Dead Reflections – Carol Weekes Review

Dead Reflections One novel, five short stories, two poems, this collection holds a looking glass that unhinges reality in the wee hours; roads that hold with needful, unloving arms; the miasma of damp, autumnal leaves that cling to your heels and follow you home, promising the whisper of darker things still yet to come as your eyes begin to close. Yes, this is horror, the creeping kind, the kind that lingers and sticks like tombstone mosses, promising cold, dark, ethereal depths. You will face your darkest reflections in the stories bound between these pages. May you delight in the shivers. Don’t forget to look over your shoulder; while you do, you won’t be watching the shadows to your periphery, or what waits just ahead in the nebulous dim, its teeth sharp, its intention deadly.

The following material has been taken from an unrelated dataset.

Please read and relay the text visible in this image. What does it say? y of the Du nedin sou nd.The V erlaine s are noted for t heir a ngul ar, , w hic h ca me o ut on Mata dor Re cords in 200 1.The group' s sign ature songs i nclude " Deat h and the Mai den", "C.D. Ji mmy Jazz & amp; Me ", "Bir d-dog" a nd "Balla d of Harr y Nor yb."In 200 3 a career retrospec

I really enjoyed this collection of horror stories. Technically, this book contains one short novel, five short stories, and two poems. All of these were very well-written and drew me in immediately.

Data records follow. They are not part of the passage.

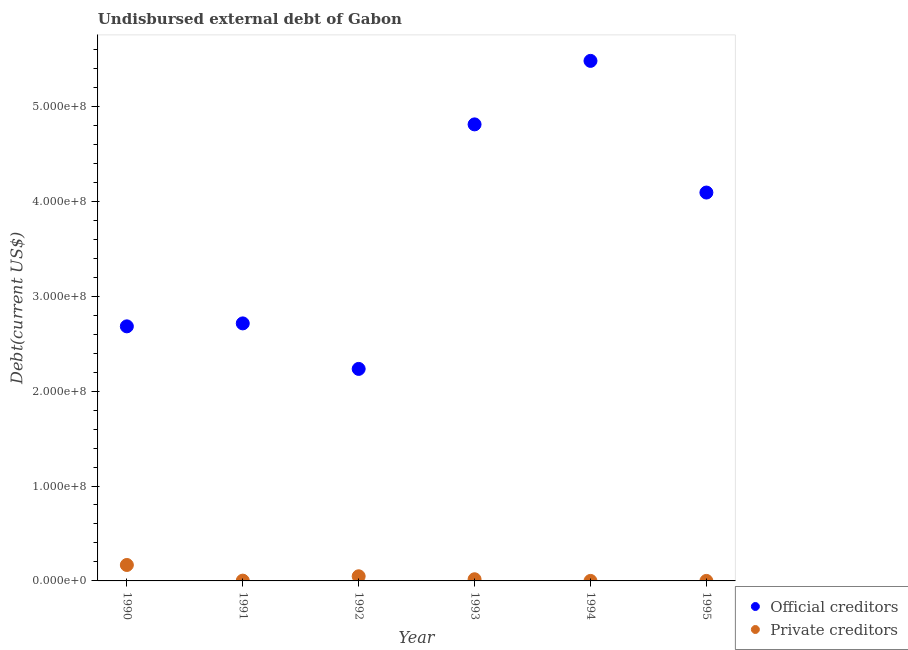How many different coloured dotlines are there?
Your answer should be compact. 2. What is the undisbursed external debt of official creditors in 1993?
Offer a terse response. 4.81e+08. Across all years, what is the maximum undisbursed external debt of official creditors?
Your answer should be compact. 5.48e+08. Across all years, what is the minimum undisbursed external debt of private creditors?
Provide a succinct answer. 10000. In which year was the undisbursed external debt of private creditors maximum?
Your answer should be compact. 1990. What is the total undisbursed external debt of official creditors in the graph?
Your response must be concise. 2.20e+09. What is the difference between the undisbursed external debt of private creditors in 1990 and that in 1994?
Keep it short and to the point. 1.68e+07. What is the difference between the undisbursed external debt of private creditors in 1992 and the undisbursed external debt of official creditors in 1991?
Offer a very short reply. -2.66e+08. What is the average undisbursed external debt of official creditors per year?
Your answer should be compact. 3.67e+08. In the year 1991, what is the difference between the undisbursed external debt of official creditors and undisbursed external debt of private creditors?
Provide a short and direct response. 2.71e+08. What is the ratio of the undisbursed external debt of private creditors in 1990 to that in 1995?
Make the answer very short. 1680.1. Is the difference between the undisbursed external debt of private creditors in 1993 and 1994 greater than the difference between the undisbursed external debt of official creditors in 1993 and 1994?
Provide a short and direct response. Yes. What is the difference between the highest and the second highest undisbursed external debt of private creditors?
Give a very brief answer. 1.19e+07. What is the difference between the highest and the lowest undisbursed external debt of private creditors?
Your answer should be very brief. 1.68e+07. In how many years, is the undisbursed external debt of official creditors greater than the average undisbursed external debt of official creditors taken over all years?
Ensure brevity in your answer.  3. Does the undisbursed external debt of private creditors monotonically increase over the years?
Offer a terse response. No. How many years are there in the graph?
Your answer should be very brief. 6. What is the difference between two consecutive major ticks on the Y-axis?
Provide a short and direct response. 1.00e+08. Are the values on the major ticks of Y-axis written in scientific E-notation?
Give a very brief answer. Yes. Does the graph contain grids?
Provide a succinct answer. No. Where does the legend appear in the graph?
Provide a short and direct response. Bottom right. How many legend labels are there?
Ensure brevity in your answer.  2. How are the legend labels stacked?
Give a very brief answer. Vertical. What is the title of the graph?
Provide a short and direct response. Undisbursed external debt of Gabon. Does "Time to export" appear as one of the legend labels in the graph?
Ensure brevity in your answer.  No. What is the label or title of the X-axis?
Your answer should be compact. Year. What is the label or title of the Y-axis?
Provide a short and direct response. Debt(current US$). What is the Debt(current US$) of Official creditors in 1990?
Ensure brevity in your answer.  2.68e+08. What is the Debt(current US$) in Private creditors in 1990?
Provide a short and direct response. 1.68e+07. What is the Debt(current US$) in Official creditors in 1991?
Give a very brief answer. 2.71e+08. What is the Debt(current US$) in Private creditors in 1991?
Your response must be concise. 3.04e+05. What is the Debt(current US$) in Official creditors in 1992?
Keep it short and to the point. 2.23e+08. What is the Debt(current US$) of Private creditors in 1992?
Provide a succinct answer. 4.90e+06. What is the Debt(current US$) in Official creditors in 1993?
Your answer should be very brief. 4.81e+08. What is the Debt(current US$) of Private creditors in 1993?
Give a very brief answer. 1.76e+06. What is the Debt(current US$) of Official creditors in 1994?
Your answer should be compact. 5.48e+08. What is the Debt(current US$) of Official creditors in 1995?
Your answer should be very brief. 4.09e+08. What is the Debt(current US$) of Private creditors in 1995?
Make the answer very short. 10000. Across all years, what is the maximum Debt(current US$) of Official creditors?
Your answer should be compact. 5.48e+08. Across all years, what is the maximum Debt(current US$) in Private creditors?
Provide a short and direct response. 1.68e+07. Across all years, what is the minimum Debt(current US$) in Official creditors?
Ensure brevity in your answer.  2.23e+08. Across all years, what is the minimum Debt(current US$) in Private creditors?
Your answer should be compact. 10000. What is the total Debt(current US$) in Official creditors in the graph?
Provide a short and direct response. 2.20e+09. What is the total Debt(current US$) in Private creditors in the graph?
Your response must be concise. 2.38e+07. What is the difference between the Debt(current US$) in Official creditors in 1990 and that in 1991?
Offer a terse response. -3.11e+06. What is the difference between the Debt(current US$) in Private creditors in 1990 and that in 1991?
Offer a very short reply. 1.65e+07. What is the difference between the Debt(current US$) of Official creditors in 1990 and that in 1992?
Provide a succinct answer. 4.48e+07. What is the difference between the Debt(current US$) of Private creditors in 1990 and that in 1992?
Provide a succinct answer. 1.19e+07. What is the difference between the Debt(current US$) in Official creditors in 1990 and that in 1993?
Your response must be concise. -2.13e+08. What is the difference between the Debt(current US$) of Private creditors in 1990 and that in 1993?
Provide a succinct answer. 1.50e+07. What is the difference between the Debt(current US$) of Official creditors in 1990 and that in 1994?
Your answer should be very brief. -2.80e+08. What is the difference between the Debt(current US$) in Private creditors in 1990 and that in 1994?
Ensure brevity in your answer.  1.68e+07. What is the difference between the Debt(current US$) of Official creditors in 1990 and that in 1995?
Provide a short and direct response. -1.41e+08. What is the difference between the Debt(current US$) of Private creditors in 1990 and that in 1995?
Provide a short and direct response. 1.68e+07. What is the difference between the Debt(current US$) of Official creditors in 1991 and that in 1992?
Offer a very short reply. 4.80e+07. What is the difference between the Debt(current US$) in Private creditors in 1991 and that in 1992?
Your response must be concise. -4.59e+06. What is the difference between the Debt(current US$) in Official creditors in 1991 and that in 1993?
Provide a succinct answer. -2.10e+08. What is the difference between the Debt(current US$) of Private creditors in 1991 and that in 1993?
Make the answer very short. -1.45e+06. What is the difference between the Debt(current US$) in Official creditors in 1991 and that in 1994?
Give a very brief answer. -2.77e+08. What is the difference between the Debt(current US$) in Private creditors in 1991 and that in 1994?
Provide a short and direct response. 2.94e+05. What is the difference between the Debt(current US$) of Official creditors in 1991 and that in 1995?
Provide a short and direct response. -1.38e+08. What is the difference between the Debt(current US$) of Private creditors in 1991 and that in 1995?
Your response must be concise. 2.94e+05. What is the difference between the Debt(current US$) in Official creditors in 1992 and that in 1993?
Your answer should be compact. -2.58e+08. What is the difference between the Debt(current US$) of Private creditors in 1992 and that in 1993?
Your answer should be very brief. 3.14e+06. What is the difference between the Debt(current US$) in Official creditors in 1992 and that in 1994?
Give a very brief answer. -3.25e+08. What is the difference between the Debt(current US$) in Private creditors in 1992 and that in 1994?
Keep it short and to the point. 4.89e+06. What is the difference between the Debt(current US$) of Official creditors in 1992 and that in 1995?
Provide a short and direct response. -1.86e+08. What is the difference between the Debt(current US$) in Private creditors in 1992 and that in 1995?
Offer a terse response. 4.89e+06. What is the difference between the Debt(current US$) of Official creditors in 1993 and that in 1994?
Provide a succinct answer. -6.69e+07. What is the difference between the Debt(current US$) of Private creditors in 1993 and that in 1994?
Your response must be concise. 1.74e+06. What is the difference between the Debt(current US$) in Official creditors in 1993 and that in 1995?
Your answer should be very brief. 7.18e+07. What is the difference between the Debt(current US$) in Private creditors in 1993 and that in 1995?
Offer a very short reply. 1.74e+06. What is the difference between the Debt(current US$) in Official creditors in 1994 and that in 1995?
Your response must be concise. 1.39e+08. What is the difference between the Debt(current US$) of Official creditors in 1990 and the Debt(current US$) of Private creditors in 1991?
Your response must be concise. 2.68e+08. What is the difference between the Debt(current US$) of Official creditors in 1990 and the Debt(current US$) of Private creditors in 1992?
Provide a succinct answer. 2.63e+08. What is the difference between the Debt(current US$) of Official creditors in 1990 and the Debt(current US$) of Private creditors in 1993?
Keep it short and to the point. 2.66e+08. What is the difference between the Debt(current US$) of Official creditors in 1990 and the Debt(current US$) of Private creditors in 1994?
Keep it short and to the point. 2.68e+08. What is the difference between the Debt(current US$) in Official creditors in 1990 and the Debt(current US$) in Private creditors in 1995?
Keep it short and to the point. 2.68e+08. What is the difference between the Debt(current US$) in Official creditors in 1991 and the Debt(current US$) in Private creditors in 1992?
Ensure brevity in your answer.  2.66e+08. What is the difference between the Debt(current US$) in Official creditors in 1991 and the Debt(current US$) in Private creditors in 1993?
Provide a short and direct response. 2.70e+08. What is the difference between the Debt(current US$) of Official creditors in 1991 and the Debt(current US$) of Private creditors in 1994?
Make the answer very short. 2.71e+08. What is the difference between the Debt(current US$) in Official creditors in 1991 and the Debt(current US$) in Private creditors in 1995?
Your answer should be very brief. 2.71e+08. What is the difference between the Debt(current US$) of Official creditors in 1992 and the Debt(current US$) of Private creditors in 1993?
Give a very brief answer. 2.22e+08. What is the difference between the Debt(current US$) of Official creditors in 1992 and the Debt(current US$) of Private creditors in 1994?
Make the answer very short. 2.23e+08. What is the difference between the Debt(current US$) in Official creditors in 1992 and the Debt(current US$) in Private creditors in 1995?
Your response must be concise. 2.23e+08. What is the difference between the Debt(current US$) in Official creditors in 1993 and the Debt(current US$) in Private creditors in 1994?
Provide a short and direct response. 4.81e+08. What is the difference between the Debt(current US$) of Official creditors in 1993 and the Debt(current US$) of Private creditors in 1995?
Your answer should be compact. 4.81e+08. What is the difference between the Debt(current US$) of Official creditors in 1994 and the Debt(current US$) of Private creditors in 1995?
Provide a succinct answer. 5.48e+08. What is the average Debt(current US$) of Official creditors per year?
Keep it short and to the point. 3.67e+08. What is the average Debt(current US$) in Private creditors per year?
Your answer should be very brief. 3.96e+06. In the year 1990, what is the difference between the Debt(current US$) in Official creditors and Debt(current US$) in Private creditors?
Your answer should be compact. 2.51e+08. In the year 1991, what is the difference between the Debt(current US$) of Official creditors and Debt(current US$) of Private creditors?
Provide a succinct answer. 2.71e+08. In the year 1992, what is the difference between the Debt(current US$) of Official creditors and Debt(current US$) of Private creditors?
Offer a terse response. 2.18e+08. In the year 1993, what is the difference between the Debt(current US$) in Official creditors and Debt(current US$) in Private creditors?
Your answer should be very brief. 4.79e+08. In the year 1994, what is the difference between the Debt(current US$) of Official creditors and Debt(current US$) of Private creditors?
Offer a terse response. 5.48e+08. In the year 1995, what is the difference between the Debt(current US$) in Official creditors and Debt(current US$) in Private creditors?
Your response must be concise. 4.09e+08. What is the ratio of the Debt(current US$) of Official creditors in 1990 to that in 1991?
Your response must be concise. 0.99. What is the ratio of the Debt(current US$) in Private creditors in 1990 to that in 1991?
Ensure brevity in your answer.  55.27. What is the ratio of the Debt(current US$) in Official creditors in 1990 to that in 1992?
Offer a terse response. 1.2. What is the ratio of the Debt(current US$) in Private creditors in 1990 to that in 1992?
Ensure brevity in your answer.  3.43. What is the ratio of the Debt(current US$) of Official creditors in 1990 to that in 1993?
Your answer should be very brief. 0.56. What is the ratio of the Debt(current US$) in Private creditors in 1990 to that in 1993?
Keep it short and to the point. 9.57. What is the ratio of the Debt(current US$) in Official creditors in 1990 to that in 1994?
Your response must be concise. 0.49. What is the ratio of the Debt(current US$) of Private creditors in 1990 to that in 1994?
Offer a terse response. 1680.1. What is the ratio of the Debt(current US$) in Official creditors in 1990 to that in 1995?
Offer a very short reply. 0.66. What is the ratio of the Debt(current US$) in Private creditors in 1990 to that in 1995?
Offer a very short reply. 1680.1. What is the ratio of the Debt(current US$) of Official creditors in 1991 to that in 1992?
Give a very brief answer. 1.21. What is the ratio of the Debt(current US$) of Private creditors in 1991 to that in 1992?
Make the answer very short. 0.06. What is the ratio of the Debt(current US$) of Official creditors in 1991 to that in 1993?
Offer a very short reply. 0.56. What is the ratio of the Debt(current US$) of Private creditors in 1991 to that in 1993?
Offer a very short reply. 0.17. What is the ratio of the Debt(current US$) in Official creditors in 1991 to that in 1994?
Give a very brief answer. 0.5. What is the ratio of the Debt(current US$) of Private creditors in 1991 to that in 1994?
Provide a succinct answer. 30.4. What is the ratio of the Debt(current US$) of Official creditors in 1991 to that in 1995?
Keep it short and to the point. 0.66. What is the ratio of the Debt(current US$) in Private creditors in 1991 to that in 1995?
Ensure brevity in your answer.  30.4. What is the ratio of the Debt(current US$) of Official creditors in 1992 to that in 1993?
Your response must be concise. 0.46. What is the ratio of the Debt(current US$) in Private creditors in 1992 to that in 1993?
Ensure brevity in your answer.  2.79. What is the ratio of the Debt(current US$) in Official creditors in 1992 to that in 1994?
Provide a short and direct response. 0.41. What is the ratio of the Debt(current US$) of Private creditors in 1992 to that in 1994?
Provide a succinct answer. 489.7. What is the ratio of the Debt(current US$) of Official creditors in 1992 to that in 1995?
Your answer should be very brief. 0.55. What is the ratio of the Debt(current US$) of Private creditors in 1992 to that in 1995?
Your answer should be compact. 489.7. What is the ratio of the Debt(current US$) in Official creditors in 1993 to that in 1994?
Keep it short and to the point. 0.88. What is the ratio of the Debt(current US$) in Private creditors in 1993 to that in 1994?
Make the answer very short. 175.5. What is the ratio of the Debt(current US$) in Official creditors in 1993 to that in 1995?
Your response must be concise. 1.18. What is the ratio of the Debt(current US$) of Private creditors in 1993 to that in 1995?
Offer a very short reply. 175.5. What is the ratio of the Debt(current US$) in Official creditors in 1994 to that in 1995?
Your answer should be compact. 1.34. What is the difference between the highest and the second highest Debt(current US$) in Official creditors?
Make the answer very short. 6.69e+07. What is the difference between the highest and the second highest Debt(current US$) of Private creditors?
Ensure brevity in your answer.  1.19e+07. What is the difference between the highest and the lowest Debt(current US$) of Official creditors?
Provide a short and direct response. 3.25e+08. What is the difference between the highest and the lowest Debt(current US$) of Private creditors?
Your response must be concise. 1.68e+07.

The collection starts off with the novel, Dead Reflections, which is a creepy story of an old house with a very mysterious mirror.  The whole atmosphere is so foreboding and chilling that I couldn’t help but want to know what happened next. I found myself rushing through the novel to find out the ending. My only qualm was that the main character was a child, and I’m usually not a fan of books centered around kids.

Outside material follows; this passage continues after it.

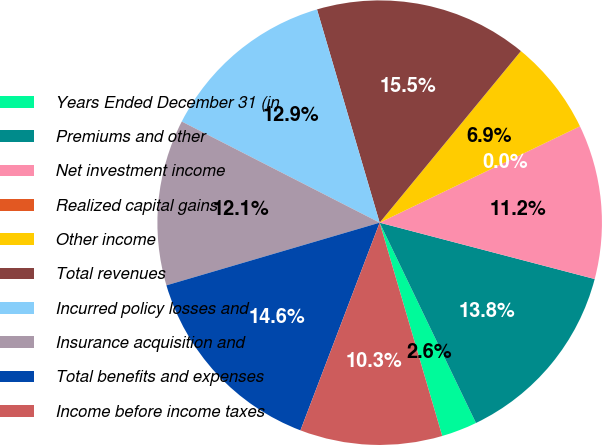<chart> <loc_0><loc_0><loc_500><loc_500><pie_chart><fcel>Years Ended December 31 (in<fcel>Premiums and other<fcel>Net investment income<fcel>Realized capital gains<fcel>Other income<fcel>Total revenues<fcel>Incurred policy losses and<fcel>Insurance acquisition and<fcel>Total benefits and expenses<fcel>Income before income taxes<nl><fcel>2.59%<fcel>13.79%<fcel>11.21%<fcel>0.01%<fcel>6.9%<fcel>15.51%<fcel>12.93%<fcel>12.07%<fcel>14.65%<fcel>10.34%<nl></chart> 
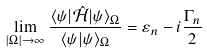<formula> <loc_0><loc_0><loc_500><loc_500>\lim _ { | \Omega | \to \infty } \frac { \langle \psi | \hat { \mathcal { H } } | \psi \rangle _ { \Omega } } { \langle \psi | \psi \rangle _ { \Omega } } = \varepsilon _ { n } - i \frac { \Gamma _ { n } } { 2 }</formula>

The short stories were all very different from each other, but they were all extremely interesting and some of them were very haunting. One thing I quickly realized is that Carol Weekes doesn’t believe in happy endings. They all set up an atmosphere of fear and mystery, and I really enjoyed reading all of them.

Another successful book by Journalstone. Carol Weekes is a great new addition to the horror genre.